# WHAT IS BEING ASKED
Only the text of the records, copied exactly, is wanted; no pictures.

Records drawn from a dataset
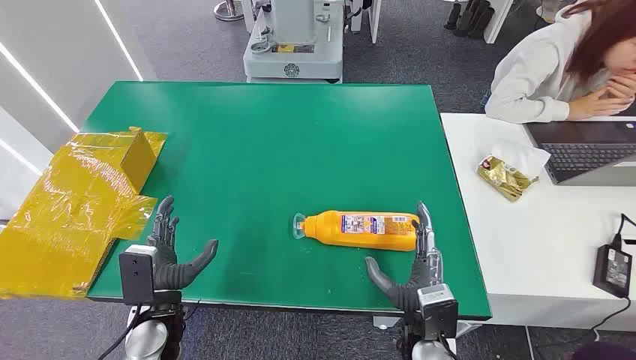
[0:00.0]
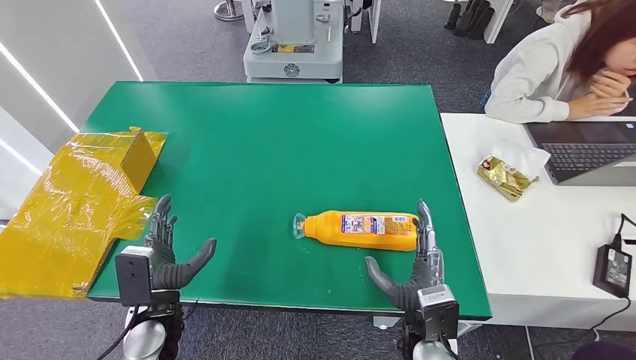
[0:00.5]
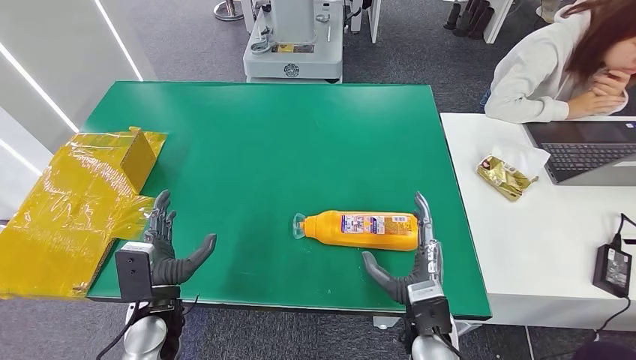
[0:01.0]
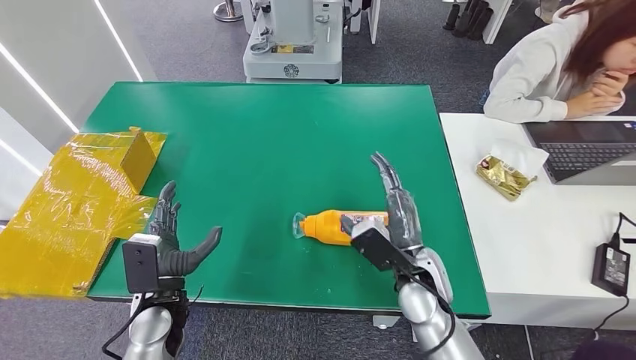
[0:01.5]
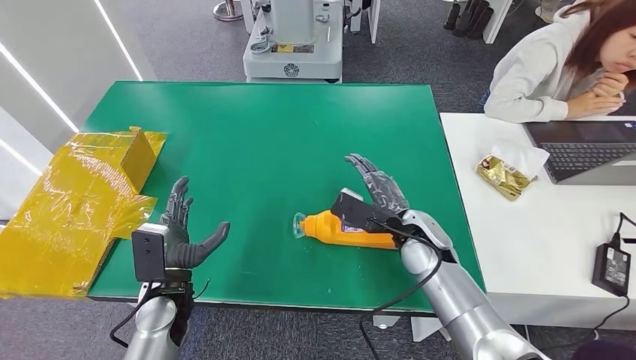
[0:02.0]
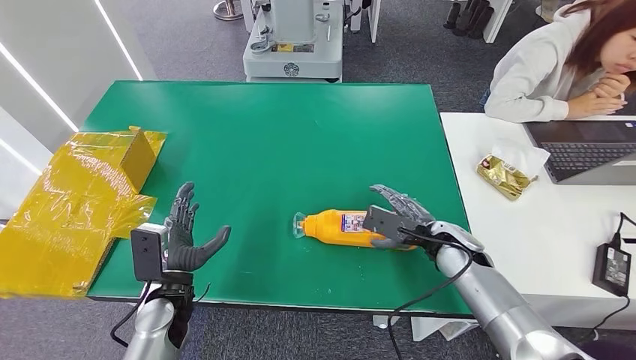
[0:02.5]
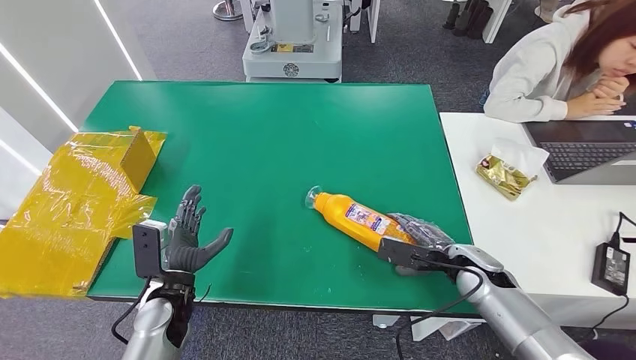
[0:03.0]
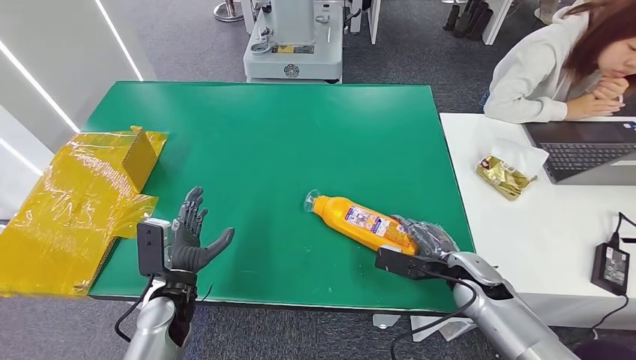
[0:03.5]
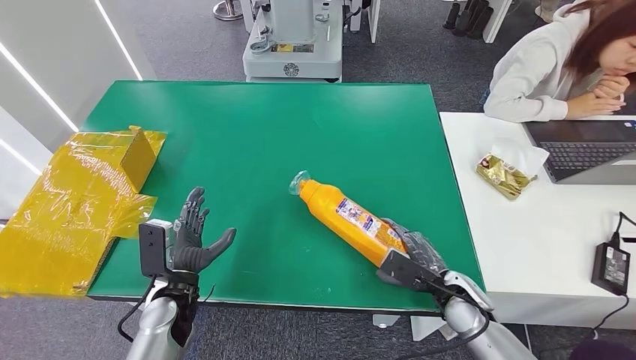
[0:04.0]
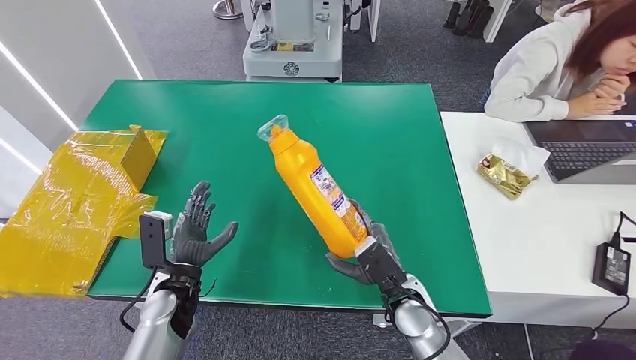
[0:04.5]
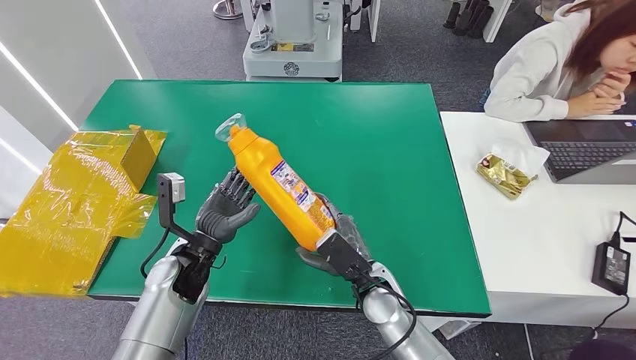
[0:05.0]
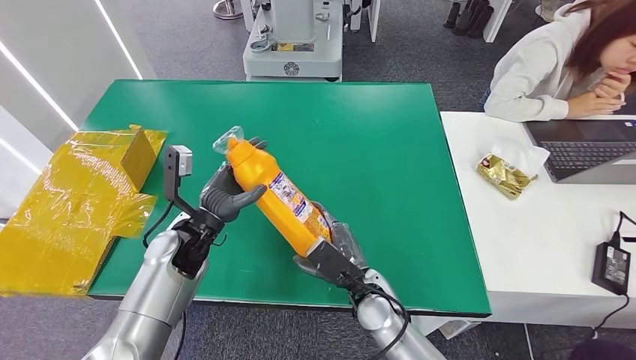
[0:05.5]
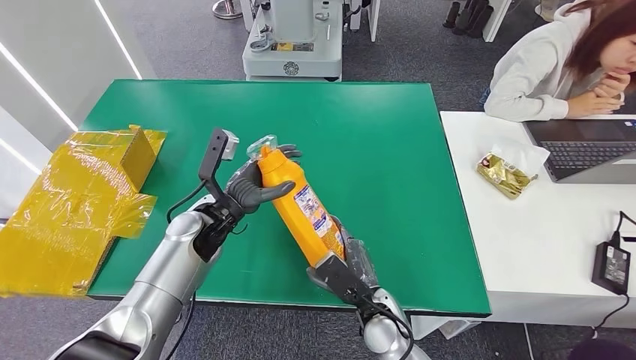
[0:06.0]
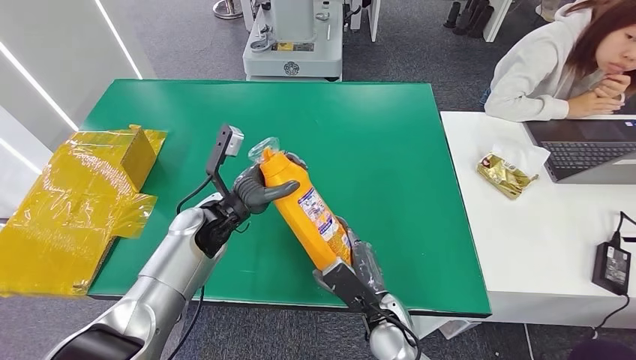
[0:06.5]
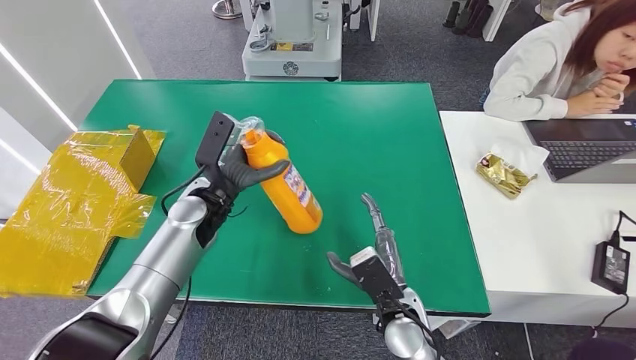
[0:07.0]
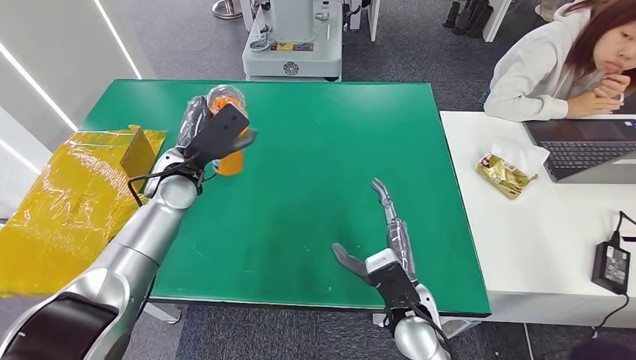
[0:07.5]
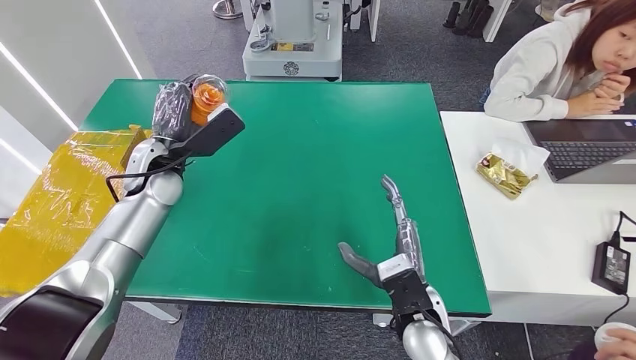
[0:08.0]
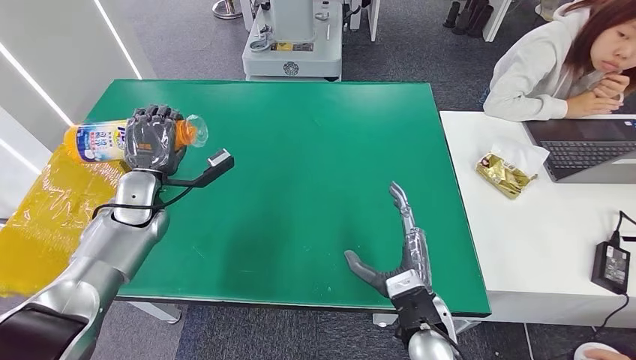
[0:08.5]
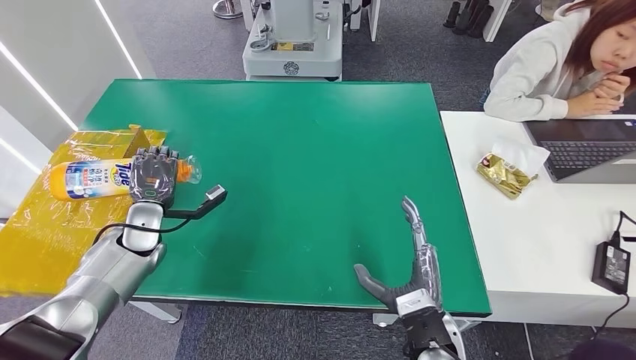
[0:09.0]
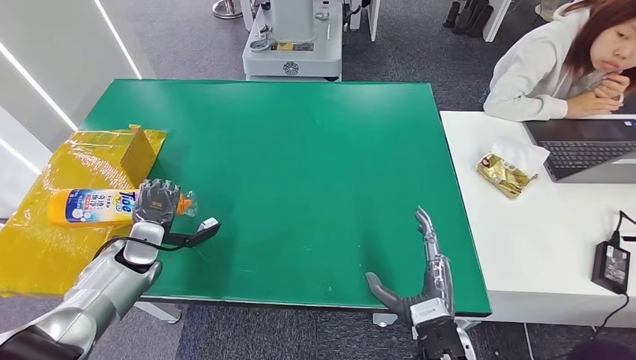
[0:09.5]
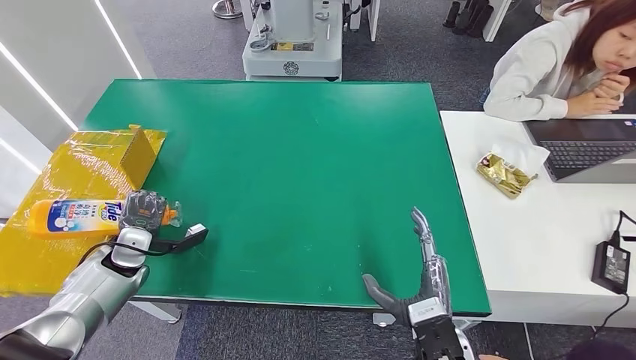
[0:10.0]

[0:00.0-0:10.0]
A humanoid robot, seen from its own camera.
Step, 0:00.0 to 0:05.5: Pick up the bottle from the table.
Step, 0:06.5 to 0:10.0: Turn the bottle to the front side.
0:02.0 to 0:04.0: The right hand travels to the right, downward and backward by roughly 15 cm.
0:04.0 to 0:06.0: The right hand shifts about 15 cm to the left; the left hand moves forward and upward, some 15 cm.
0:08.0 to 0:10.0: The right hand shifts about 5 cm backward; the left hand shifts about 25 cm downward, to the left and backward.
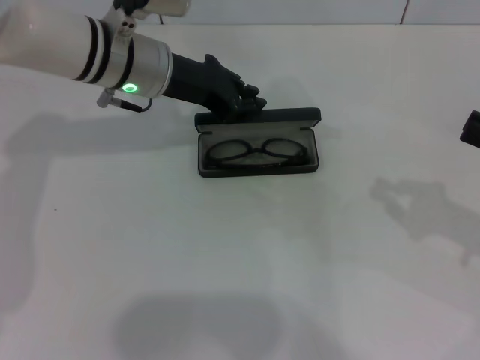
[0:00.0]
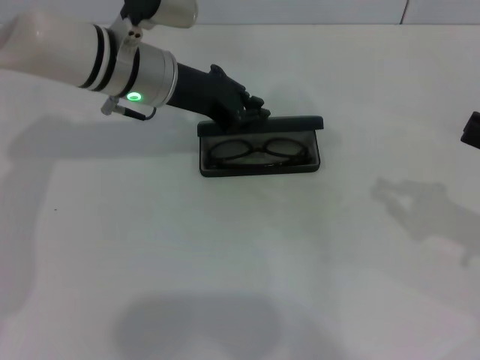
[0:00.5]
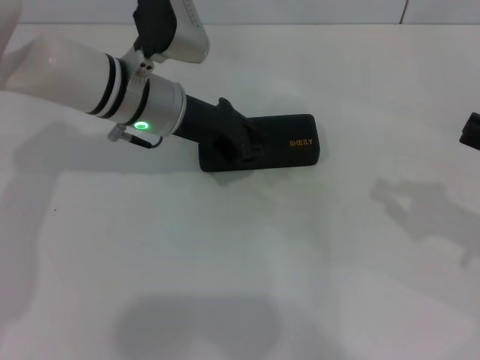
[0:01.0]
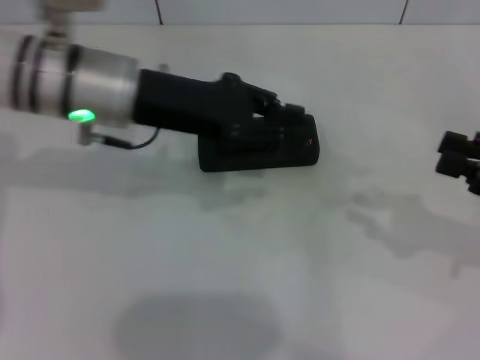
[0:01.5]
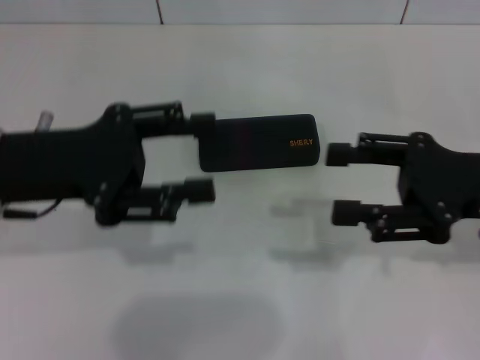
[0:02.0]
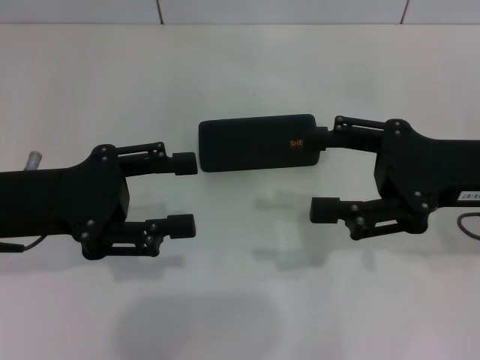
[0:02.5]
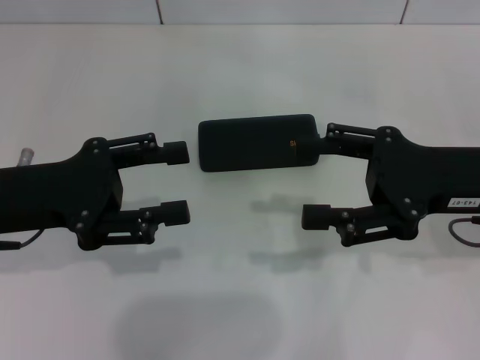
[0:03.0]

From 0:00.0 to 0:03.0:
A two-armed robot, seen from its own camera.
From 0:00.0 to 0:01.5: The left gripper moves backward, approximately 5 cm.
From 0:01.5 to 0:03.0: The left gripper is displaced to the left and backward by about 15 cm, and opens. The right gripper heads to the left, covering about 10 cm, and opens.
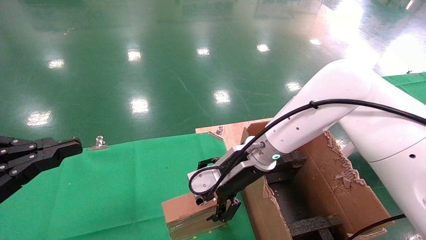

# SOLUTION TO THIS PROBLEM
[0:00.0]
[0:00.5]
[0:01.0]
[0:01.5]
[0:02.0]
[0:02.5]
[0:03.0]
[0:03.5]
[0:04.0]
[0:04.5]
[0:05.0]
[0:05.5]
[0:06.0]
[0:06.5]
[0:07.0]
[0:07.5]
[0:08.0]
[0:08.5]
[0:09.0]
[0:09.5]
[0:10.0]

[0:00.0-0:10.0]
A humanoid robot, seen from its own camera.
Step, 0:00.0 to 0:05.5: Pick up the bottle from the table.
Step, 0:06.5 to 0:10.0: Turn the bottle to the front side.
0:02.0 to 0:04.0: The right hand travels to the right, downward and backward by roughly 15 cm.
0:04.0 to 0:06.0: The right hand shifts about 15 cm to the left; the left hand moves forward and upward, some 15 cm.
0:08.0 to 0:10.0: The right hand shifts about 5 cm backward; the left hand shifts about 25 cm downward, to the left and backward.
[0:00.0]
[0:00.5]
[0:01.0]
[0:01.5]
[0:02.0]
[0:02.5]
[0:03.0]

From 0:00.0 to 0:03.0:
A two-armed robot, seen from its own camera.
From 0:00.0 to 0:01.5: The left gripper moves backward, approximately 5 cm.
From 0:01.5 to 0:03.0: The left gripper is displaced to the left and backward by about 15 cm, and opens. The right gripper heads to the left, covering about 10 cm, and opens.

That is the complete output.